OpenAI is well aware of the risks that come with a generative video model. We are already seeing the large-scale misuse of deepfake images. Photorealistic video takes this to another level.
Gregory notes that you could use technology like this to misinform people about conflict zones or protests. The range of styles is also interesting, he says. If you could generate shaky footage that looked like it was shot with a phone it would come across as more authentic.
The tech is not there yet, but generative video has gone from zero to Sora in just 18 months. “We’re going to be entering a universe where there will be fully synthetic content, human-generated content and a mix of the two,” says Gregory.

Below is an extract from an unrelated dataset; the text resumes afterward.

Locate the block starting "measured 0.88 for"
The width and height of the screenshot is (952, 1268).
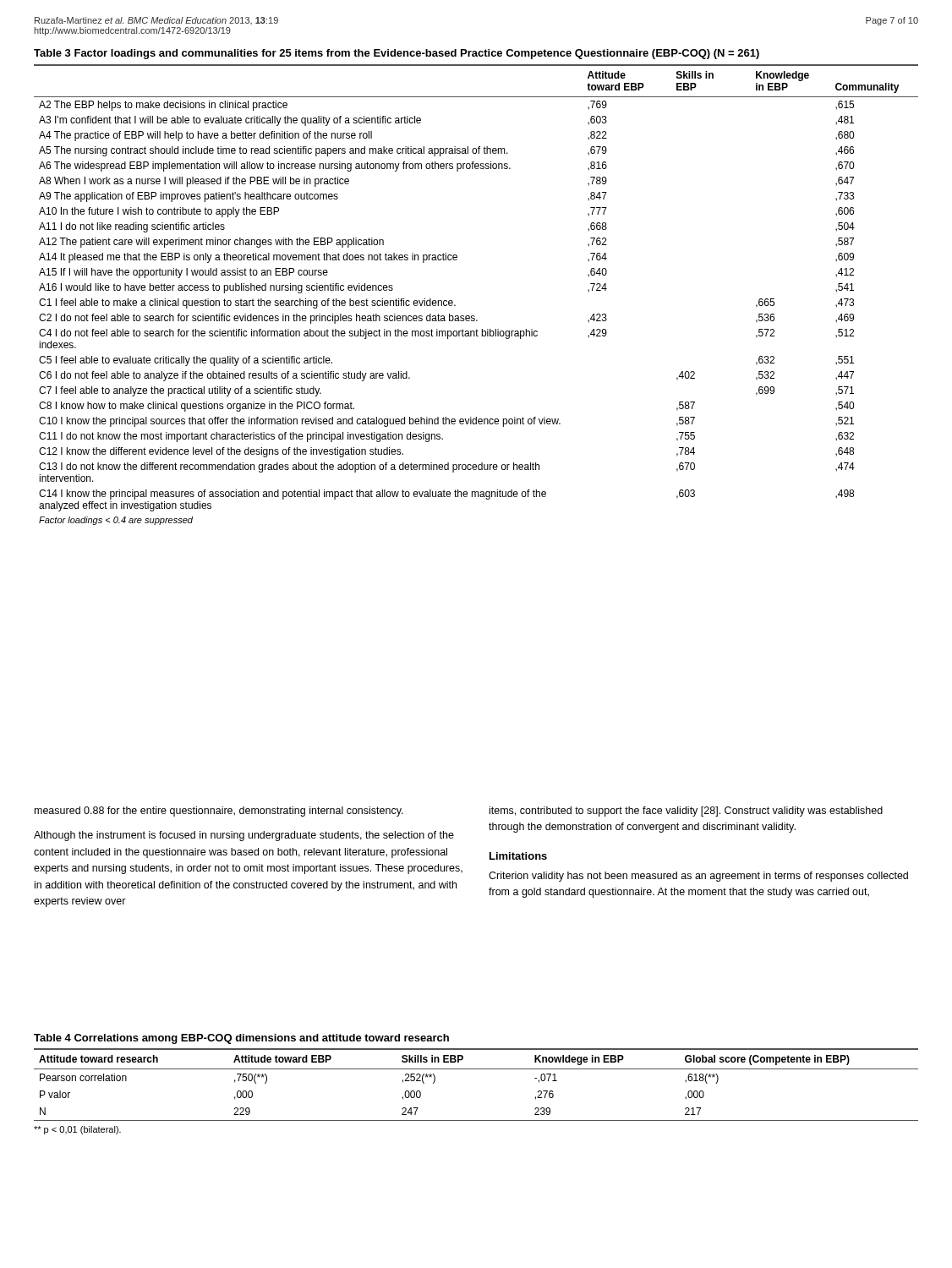click(219, 811)

The OpenAI team plans to draw on the safety testing it did last year for DALL-E 3. Sora already includes a filter that runs on all prompts sent to the model that will block requests for violent, sexual, or hateful images, as well as images of known people. Another filter will look at frames of generated videos and block material that violates OpenAI’s safety policies.
OpenAI says it is also adapting a fake-image detector developed for DALL-E 3 to use with Sora. And the company will embed industry-standard C2PA tags, metadata that states how an image was generated, into all of Sora’s output. But these steps are far from foolproof. Fake-image detectors are hit-or-miss. Metadata is easy to remove, and most social media sites strip it from uploaded images by default.
“We’ll definitely need to get more feedback and learn more about the types of risks that need to be addressed with video before it would make sense for us to release this,” says Ramesh.
Brooks agrees. “Part of the reason that we’re talking about this research now is so that we can start getting the input that we need to do the work necessary to figure out how it could be safely deployed,” he says.
Update 2/15: Comments from Sam Gregory were added.